Configure Model Settings
Update the model settings to use your local models:
- Text Generation Model: Enter the model name (e.g., “orca”, “airoboros”, “phi-2”)
- Embedding Model: Enter the embedding model name (e.g., “bert”, “mpnet”)
If you change the embedding model of an existing project, you’ll need to create a new project instead. This is because different embedding models produce vectors of different dimensions, which affects the Redis indexing structure.
Save and Test
Save your settings and test with a few queries to ensure proper integration.
Advanced Configuration
Adding New Models
Adding New Models
To add new models to LocalAI:
- Find a model on Hugging Face (prefer models with GGUF versions)
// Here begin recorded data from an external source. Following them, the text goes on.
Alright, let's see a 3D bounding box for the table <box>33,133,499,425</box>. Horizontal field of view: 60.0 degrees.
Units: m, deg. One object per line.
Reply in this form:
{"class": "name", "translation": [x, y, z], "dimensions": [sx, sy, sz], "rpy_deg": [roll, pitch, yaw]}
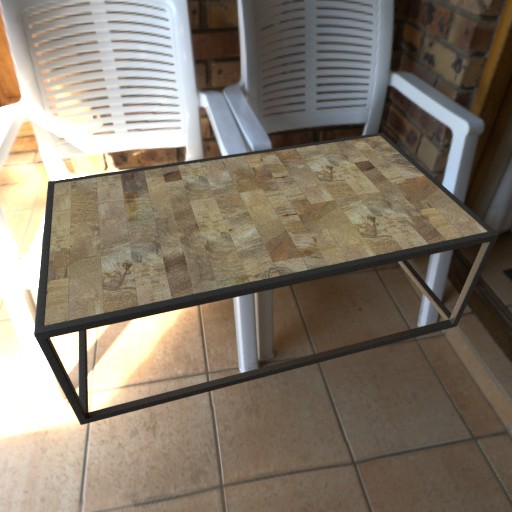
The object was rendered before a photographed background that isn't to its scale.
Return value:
{"class": "table", "translation": [0.000, 0.000, 1.449], "dimensions": [1.199, 0.398, 0.649], "rpy_deg": [-11, 43, -13]}
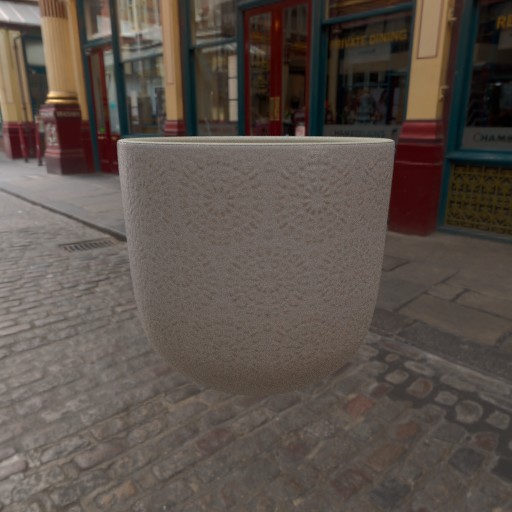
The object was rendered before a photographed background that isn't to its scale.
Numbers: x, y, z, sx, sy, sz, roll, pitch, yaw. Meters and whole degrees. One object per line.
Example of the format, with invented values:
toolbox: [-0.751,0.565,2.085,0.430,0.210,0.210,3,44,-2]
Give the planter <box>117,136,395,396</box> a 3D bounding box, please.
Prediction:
planter: [0.000,0.000,0.371,0.208,0.190,0.208,0,16,0]
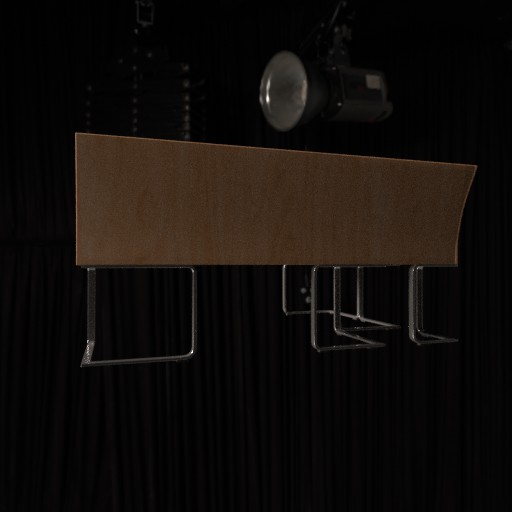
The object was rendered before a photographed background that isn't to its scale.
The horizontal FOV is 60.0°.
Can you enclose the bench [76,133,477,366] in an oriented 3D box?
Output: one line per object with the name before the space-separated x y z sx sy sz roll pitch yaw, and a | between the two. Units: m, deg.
bench | 0.000 0.000 2.717 1.945 0.930 1.495 0 -1 -18
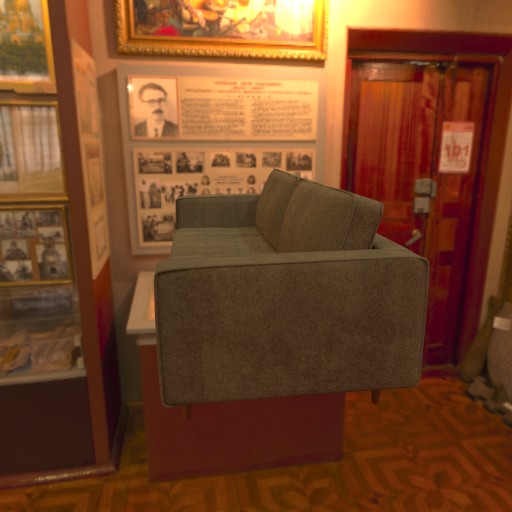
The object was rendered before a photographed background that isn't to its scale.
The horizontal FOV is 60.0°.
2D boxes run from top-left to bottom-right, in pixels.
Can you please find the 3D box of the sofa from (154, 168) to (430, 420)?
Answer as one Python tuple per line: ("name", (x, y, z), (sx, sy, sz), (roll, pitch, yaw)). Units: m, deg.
("sofa", (0.000, 0.000, 2.354), (0.924, 0.825, 1.920), (-2, 15, -8))
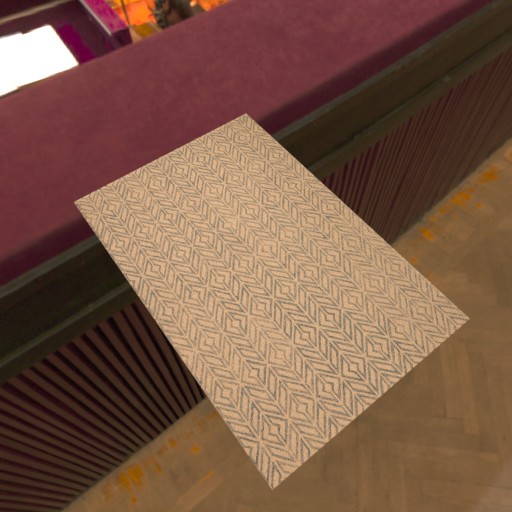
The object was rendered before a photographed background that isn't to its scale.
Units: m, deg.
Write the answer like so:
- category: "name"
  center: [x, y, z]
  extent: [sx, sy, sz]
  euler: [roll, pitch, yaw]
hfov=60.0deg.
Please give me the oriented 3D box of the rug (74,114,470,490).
- category: "rug"
  center: [0.000, 0.000, 2.338]
  extent: [1.220, 0.008, 1.824]
  euler: [-33, 64, -18]
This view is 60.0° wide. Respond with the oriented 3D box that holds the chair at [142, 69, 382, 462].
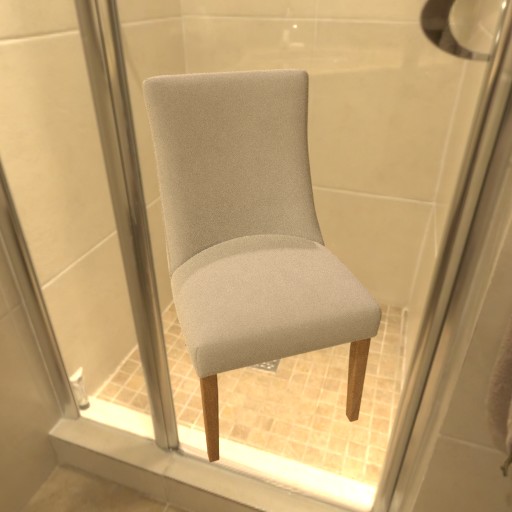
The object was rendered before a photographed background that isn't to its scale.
[{"bbox_3d":[0.000,0.000,1.261,0.495,0.902,0.610,-10,33,-15],"label":"chair"}]
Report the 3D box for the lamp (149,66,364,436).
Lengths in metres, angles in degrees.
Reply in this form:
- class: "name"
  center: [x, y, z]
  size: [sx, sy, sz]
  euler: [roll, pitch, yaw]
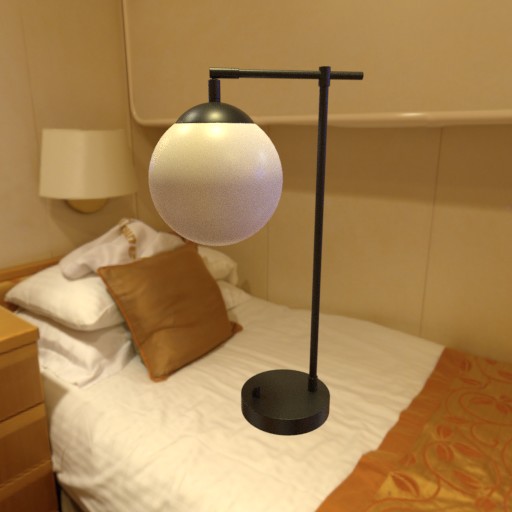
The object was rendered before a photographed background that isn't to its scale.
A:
- class: "lamp"
  center: [0.000, 0.000, 0.701]
  size: [0.316, 0.559, 0.197]
  euler: [-2, 16, -8]
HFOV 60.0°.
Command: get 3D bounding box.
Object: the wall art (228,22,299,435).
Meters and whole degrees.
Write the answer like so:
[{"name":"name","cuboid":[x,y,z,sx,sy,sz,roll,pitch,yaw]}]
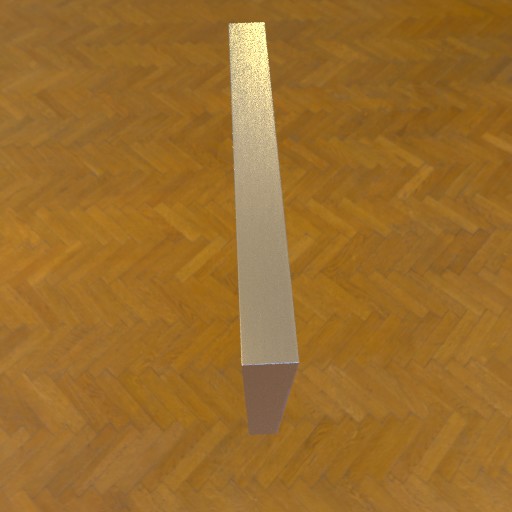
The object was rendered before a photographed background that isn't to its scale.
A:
[{"name":"wall art","cuboid":[0.000,0.000,0.520,0.038,0.350,0.350,-3,61,-2]}]
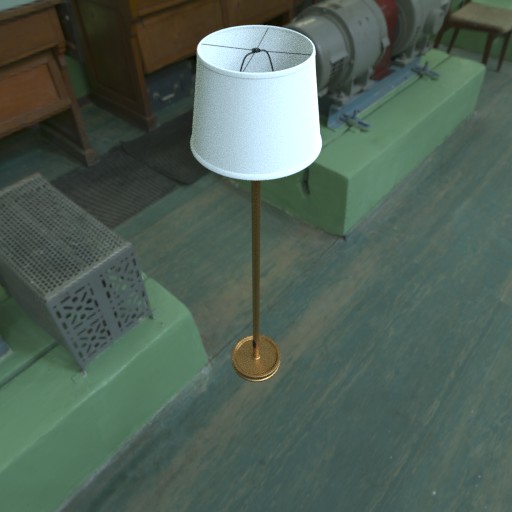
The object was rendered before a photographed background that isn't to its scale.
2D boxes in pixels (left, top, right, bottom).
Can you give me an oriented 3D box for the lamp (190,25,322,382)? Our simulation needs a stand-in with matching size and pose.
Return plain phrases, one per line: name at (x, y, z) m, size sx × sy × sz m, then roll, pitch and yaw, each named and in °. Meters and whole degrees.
lamp at (0.000, 0.000, 0.774) m, size 0.178 × 0.710 × 0.178 m, roll 0°, pitch 47°, yaw 0°
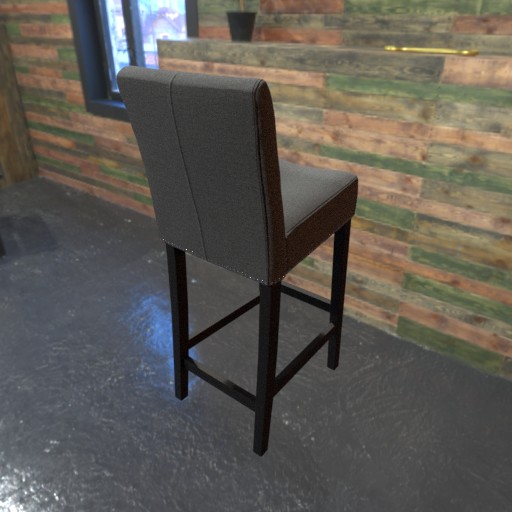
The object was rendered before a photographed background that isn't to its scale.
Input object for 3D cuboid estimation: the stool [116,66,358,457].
[{"bbox_3d":[0.000,0.000,1.303,0.411,1.047,0.548,21,35,33],"label":"stool"}]
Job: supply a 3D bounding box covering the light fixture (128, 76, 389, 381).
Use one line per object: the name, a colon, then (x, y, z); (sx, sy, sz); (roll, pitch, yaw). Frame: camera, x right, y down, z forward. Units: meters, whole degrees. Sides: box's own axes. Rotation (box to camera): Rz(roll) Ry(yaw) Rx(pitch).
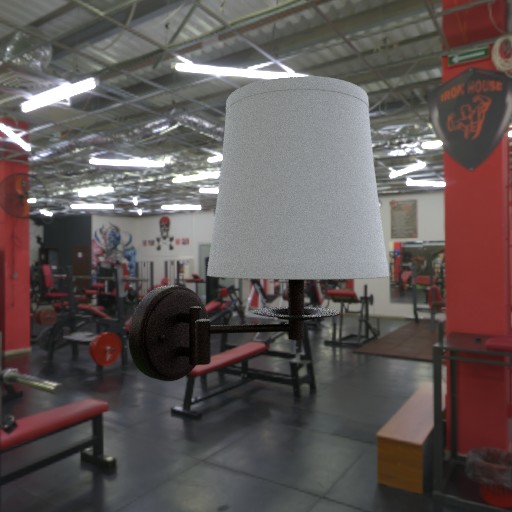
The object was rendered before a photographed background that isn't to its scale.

- Download the model file to your
/models
directory: - Find or create an appropriate template from the model gallery
- Create a YAML configuration file
- Restart the service
For detailed instructions, refer to the LocalAI documentation.
GPU Acceleration
GPU Acceleration
For production environments, GPU acceleration can dramatically improve performance:
- Use a GPU-enabled container image
- Configure the appropriate GPU drivers and runtime
- Update the model configuration to use GPU resources
- Adjust container resource allocation to include GPU access
With proper GPU acceleration, models like Mistral 7B can achieve near real-time performance similar to cloud services.
Custom Model Templates
Custom Model Templates
To customize how prompts are formatted for specific models:
- Create a new template file (e.g.,
custom-format.tmpl
) - Define the prompt format, using variables like
.System
,.Messages
, etc. - Reference the template in your model’s YAML configuration
This allows you to optimize prompt formats for different model architectures and fine-tunings.